The same effect can be achieved through provisioning operations performed on Oracle Identity Manager. In addition, status changes made directly on the target system can be copied into Oracle Identity Manager during reconciliation.
See Provisioning Operations Performed in an SoD-Enabled Environment for more information about provisioning operations in an SoD-enabled environment.
The connector supports basic password management features. For a particular user, you can specify when the user's password must expire by using the following process form fields:
Password Expiration Type
You use the Password Expiration Type field to specify the factor (or measure) that you want to use to set a value for password expiration. You can select either Accesses
or Days
as the password expiration type.
Password Expiration Interval
In the Password Expiration Interval field, you specify the number of access or days for which the user must be able to use the password.
For example, if you specify Accesses
in the Password Expiration Type field and enter 20
in the Password Expiration Interval field, then the user is prompted to change the user's password at the twenty-first login. Similarly, if you specify Days
in the Password Expiration Type field and enter 100
in the Password Expiration Interval field, then the user is prompted to change the user's password on the hundred and first day after setting a new password.

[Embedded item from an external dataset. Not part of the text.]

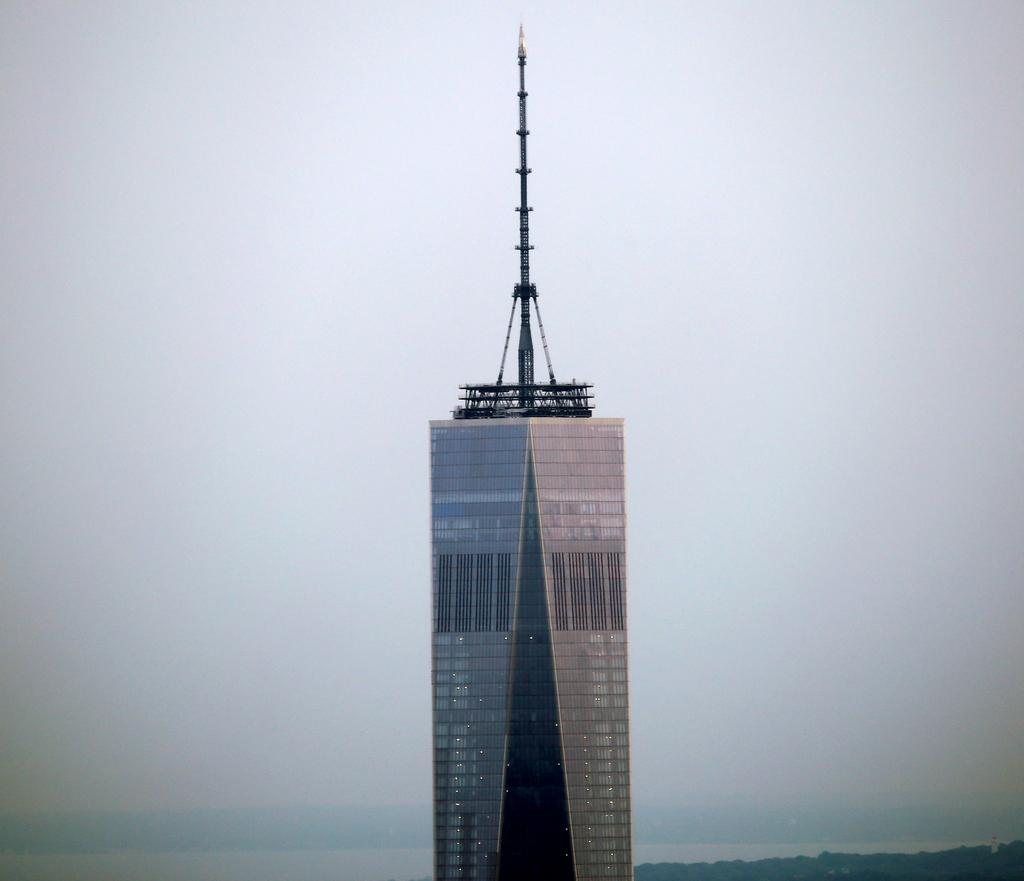What structure is visible in the image? There is a building in the image. What is the condition of the sky in the image? The sky is cloudy in the image. What type of brick is being used to construct the building in the image? There is no information about the type of brick used in the construction of the building in the image. Can you see a donkey in the image? There is no donkey present in the image. 
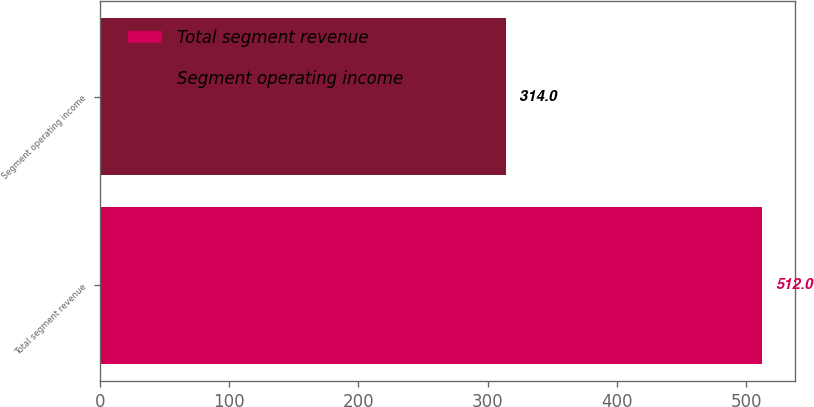Convert chart to OTSL. <chart><loc_0><loc_0><loc_500><loc_500><bar_chart><fcel>Total segment revenue<fcel>Segment operating income<nl><fcel>512<fcel>314<nl></chart> 
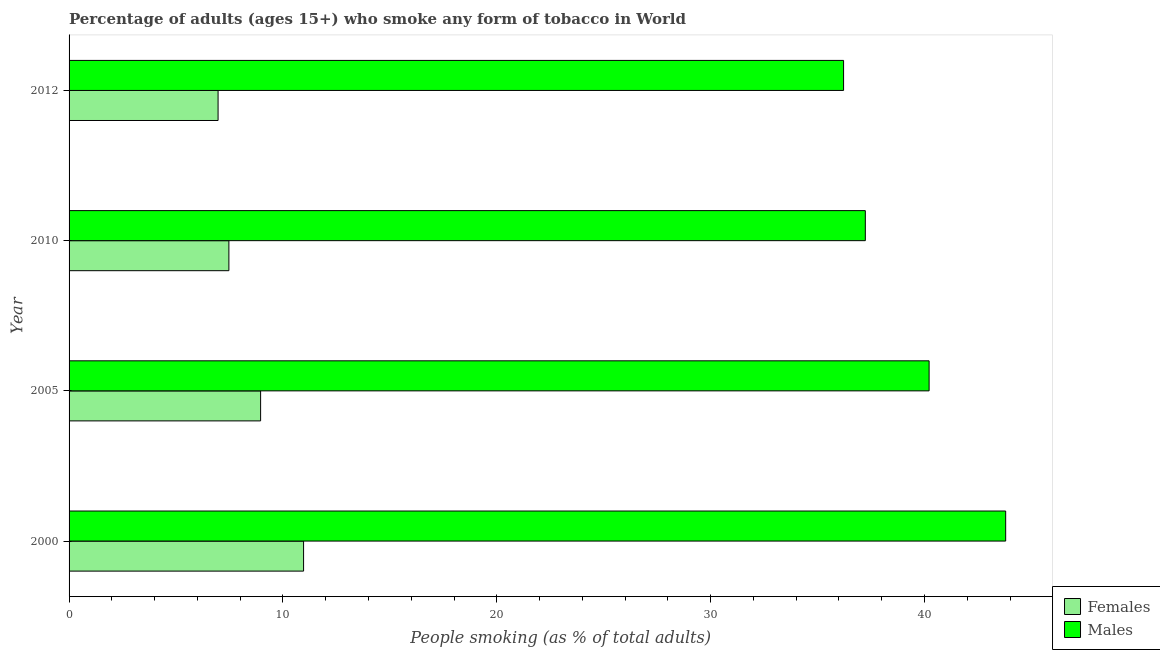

See Lookup.Oracle EBS UM.PasswordExpTypes for information about the lookup definition corresponding to the Password Expiration Type field.
In full reconciliation, all records are fetched from the target system to Oracle Identity Manager. In incremental reconciliation, only records that are added or modified after the last reconciliation run are fetched into Oracle Identity Manager.
You can switch from incremental to full reconciliation at any time after you deploy the connector. See section Performing Full and Incremental Reconciliation for more information on performing full and incremental reconciliation runs.
You can break down a reconciliation run into batches by specifying the number of records that must be included in each batch.
See Performing Batched Reconciliation for more information on performing batched reconciliation.
To limit or filter the records that are fetched into Oracle Identity Manager during a reconciliation run, you can specify the subset of added or modified target system records that must be reconciled.
See Performing Limited Reconciliation for more information on performing limited reconciliation.
Connector Server is a component provided by ICF. By using one or more connector servers, the connector architecture permits your application to communicate with externally deployed bundles. In other words, a connector server enables remote execution of an Oracle Identity Manager connector.
A Java connector server is useful when you do not wish to execute a Java connector bundle in the same VM as your application. It can be beneficial to run a Java connector on a different host for performance improvements.
See Installation for more information about the installation options for this connector.
A connection pool is a cache of objects that represent physical connections to the target. Oracle Identity Manager connectors can use these connections to communicate with target systems.
At run time, the application requests a connection from the pool. If a connection is available, then the connector uses it and then returns it to the pool. A connection returned to the pool can again be requested for and used by the connector for another operation. By enabling the reuse of connections, the connection pool helps reduce connection creation overheads like network latency, memory allocation, and authentication.
One connection pool is created for each IT resource. For example, if you have three IT resources for three installations of the target system, then three connection pools will be created, one for each target system installation.
For more information about the parameters that you can configure for connection pooling, see Setting up the Lookup Definition for Connection Pooling.
You can configure SSL to secure communication between Oracle Identity Manager and the target system.